8月27日(日本時間)にアメリカのラジオ番組TRUNK NATIONHR/HMのDJで有名なエディ・トランクの番組)に"Unstoppable Momentum"USツアー中のジョー・サトリアーニが電話インタビューに参加しました。

44分程の電話インタビューでは砕けた雰囲気の中、ニューアルバムについて、親友スティーブ・ヴァイについて、チキンフットの活動について、G3についてと、ギターファンの気になる話題が盛りだくさんでしたので、その一部を和訳してみました。
(スタジオ側の質問はエディ以外からのものも全てエディで表示しました。和訳は会話の概要です。)

スティーブ・ヴァイについて

エディ:私が思うに、ロック界、インスト曲でキャリアを築き、シングルでもヒットを出したりと成功しているのはただ2人、君とスティーブ・ヴァイじゃないかと思っているんだ。2人ともギターテクニックだけじゃなくて、表現力とメロディライティングが抜群なんだよね。

ジョー:そういうことを言ってもらえるのはとてもうれしいよ。俺たちは2人とも作曲に力を入れてきた。同様に、2人ともステージでプレイするのも大好きさ。

エディ:そうそう!少し前にヴァイのライブを見てきたんだけど、2時間超の濃密なライブだったよ。彼はライブの間中、観客と繋がって、プレイはもちろんだけど、楽しませてくれるんだ。5回も衣装チェンジする超絶ギタリストなんているかい?ギター界のマドンナかと思ったよ!(笑)

ジョー:俺たちは2人ともすごく若い頃から観客とのつながりは重視してきたよ。ショウってのはその場の人たちと音楽を楽しみ祝うことだからね。それこそがロックンロールの特別な魅力であり、何十年も俺たちを突き動かしてきたんだ。

エディ:ヴァイはステージでレーザースーツも着ていたよ!ビヨンセがギター持ってるのか?って感じさぁ!(笑)

ジョー:そんなスティーブを見るのはすごく楽しいよ。彼は観客を楽しませたり驚かせたりするのがもの凄く上手いけど、それは彼がしっかり準備しているからなんだ。美しいメロディを聞かせたかと思えば、もの凄いテクニックを見せつける、かと思えばレーザースーツで登場したりさ。

エディ:君がヴァイにギターを教えていた頃から彼にはそんな素質があったのかい?

ジョー:もちろんそうさ!面白いエピソードがあるよ。地元の小さな教会でバンドのライブをやったことがあったんだけど、当時スティーブは13歳くらい。
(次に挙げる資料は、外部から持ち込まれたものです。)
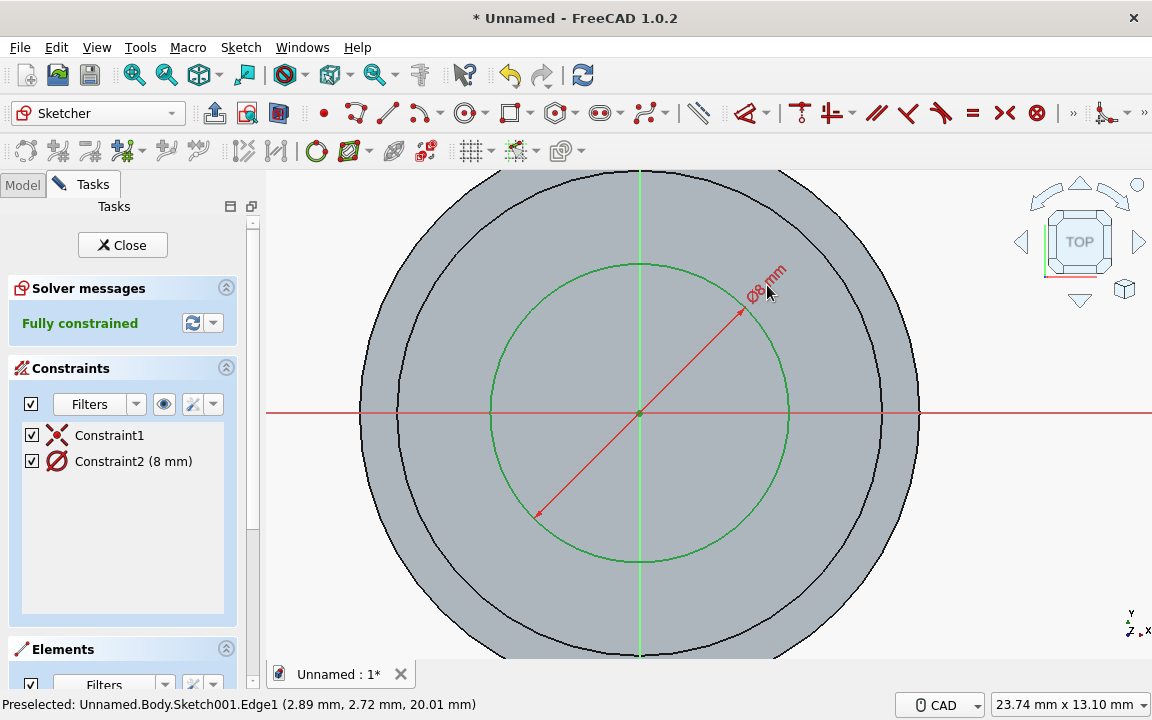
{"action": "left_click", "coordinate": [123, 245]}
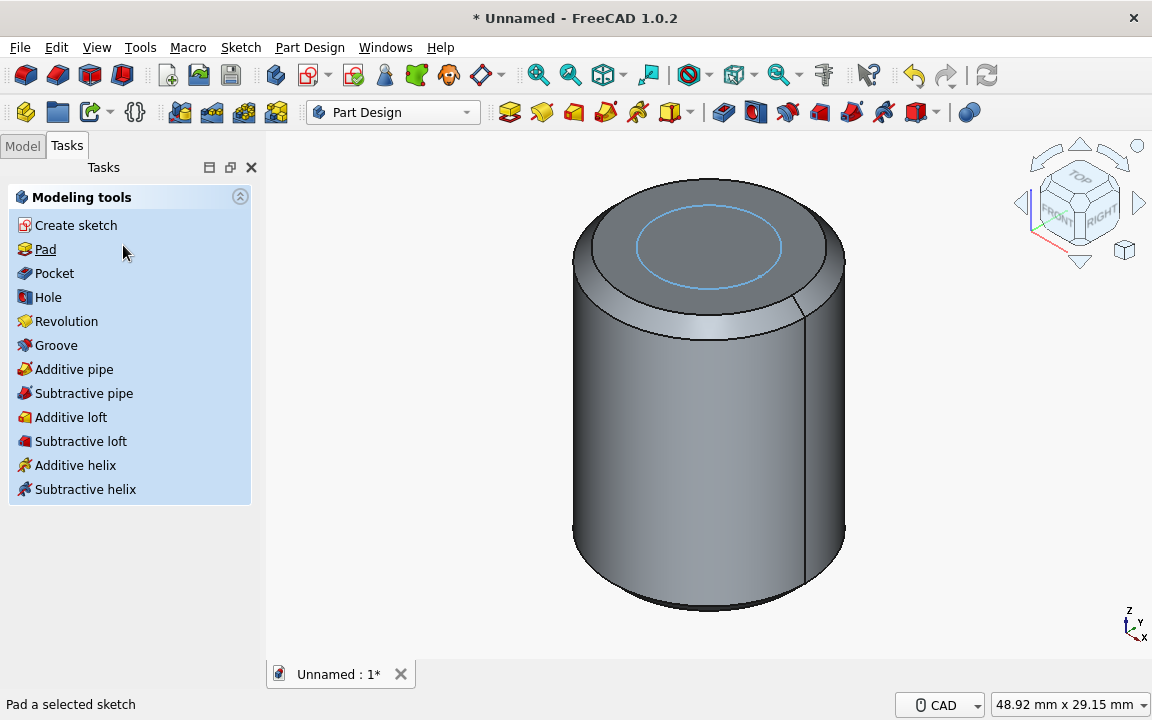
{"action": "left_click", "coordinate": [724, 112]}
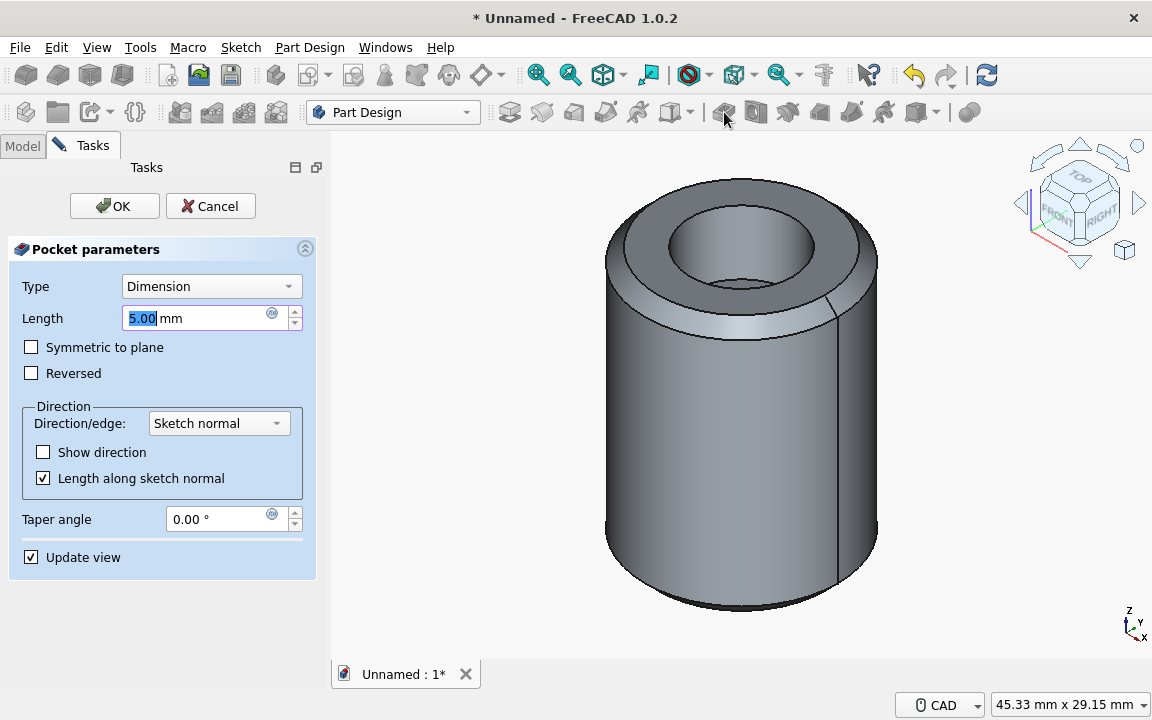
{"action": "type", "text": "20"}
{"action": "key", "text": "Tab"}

彼のバンドのボーカルは俺のバンドのボーカルの弟でさ、バンド名なんて俺のバンド名を逆から並べた名前だった!

ステージでスティーブはクレイジーそのものでさ、俺のペダルを蹴ってやがった!当時、俺のペダルにそんなことする奴はいなかったよ!まるでロックンロール・アニマルさ。彼にはスターになる素質があったんだよ。彼はギターの生徒として技術的にも素晴らしかったけど、それだけじゃない、スターになる人間だったのさ。

エディ:君たち2人はインストゥルメンタルのソロアーティストとしてだけでなく、バンドとしても成功しているよね。君はチキンフットがあるし、ヴァイはデイヴ・リー・ロスやホワイトスネイクがあった。
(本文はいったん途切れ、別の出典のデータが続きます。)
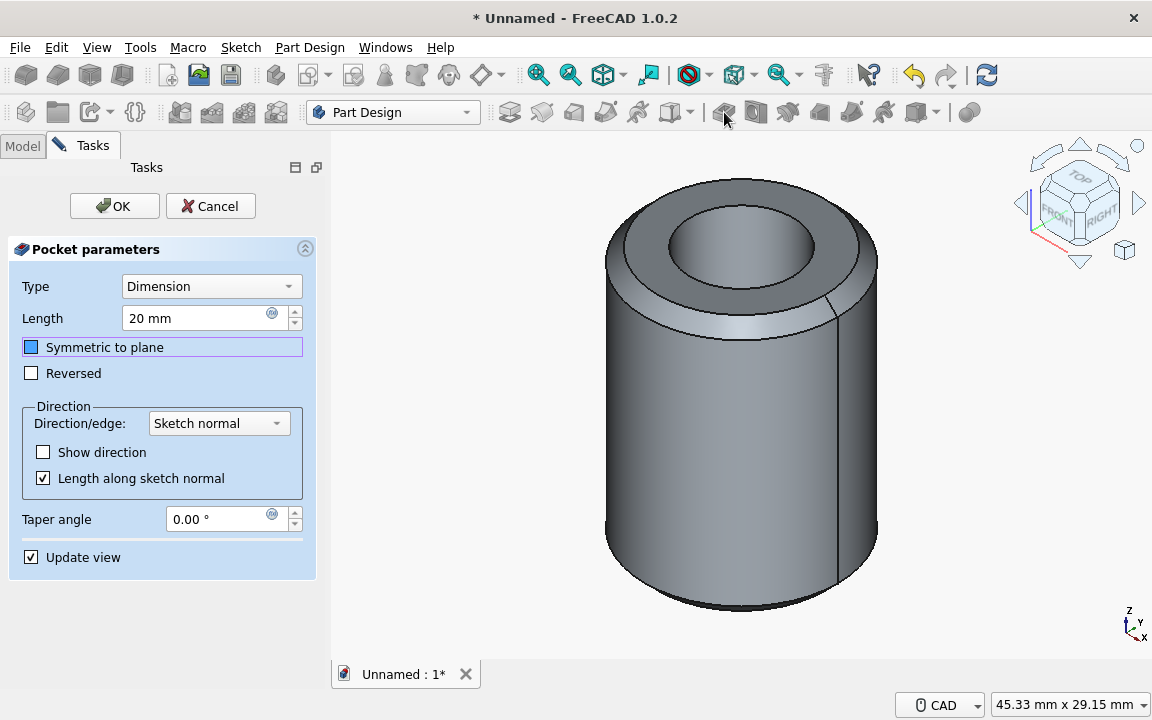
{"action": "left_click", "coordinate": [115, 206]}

ジョー:ソロでインスト音楽をプレイするのとバンドでプレイするのは違いが大きくて、毎回新鮮に感じるよ。ヘンドリクスツアーで優れたバンドと演奏したり、ディープ・パープルでのプレイ、長年のチキンフットでの活動はみな素晴らしい経験だね。

ティーブのバンド活動はどれも見てきたけど、ホワイトスネイクの時は見逃してて、この間動画のクリップを見たんだけど、あの時のスティーブは自由に演奏し、彼の中にあるあらゆるアイデアやテクニックを高いレベルでプレイしていたよ。

チキンフットについて

エディ:君についても、先日サミー・ヘイガーと話したんだけど、「まるで9人のギタリストがプレイしているみたいだ。エイリアンみたいさ」なんて言ってたよ。ところで君の作曲はソロアルバムのとき、チキンフットのときでどう切り替えているの?
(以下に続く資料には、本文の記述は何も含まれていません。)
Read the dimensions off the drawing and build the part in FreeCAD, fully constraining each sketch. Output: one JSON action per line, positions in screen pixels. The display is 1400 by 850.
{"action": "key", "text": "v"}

ジョー:初めからどっちの曲か分かって書いてるときもあるけど、そうじゃないときもあるね。ニューアルバムに入ってる"A Door Into Summer"はチキンフットのセッションに持って行って、サミーのコーラスを入れようとしていたんだけど、俺が曲を弾いて聞かせていたら、あの3人が「は?何だよこれ??」って反応でさ、俺は「忘れてくれ」ってすごすご引き下がったよ。(笑)

"Satch Boogie"みたいなフラッシーな曲の方がイージーだね。インストでは掘り下げたメロディや強いフレージングが必要なときがあるけど、完璧な演奏のためには1,000時間練習するみたいな、ミュージシャンシップを要する。でもこうやってジェフ・ベックなんかは長年経っても残る音楽を作っているんだよね。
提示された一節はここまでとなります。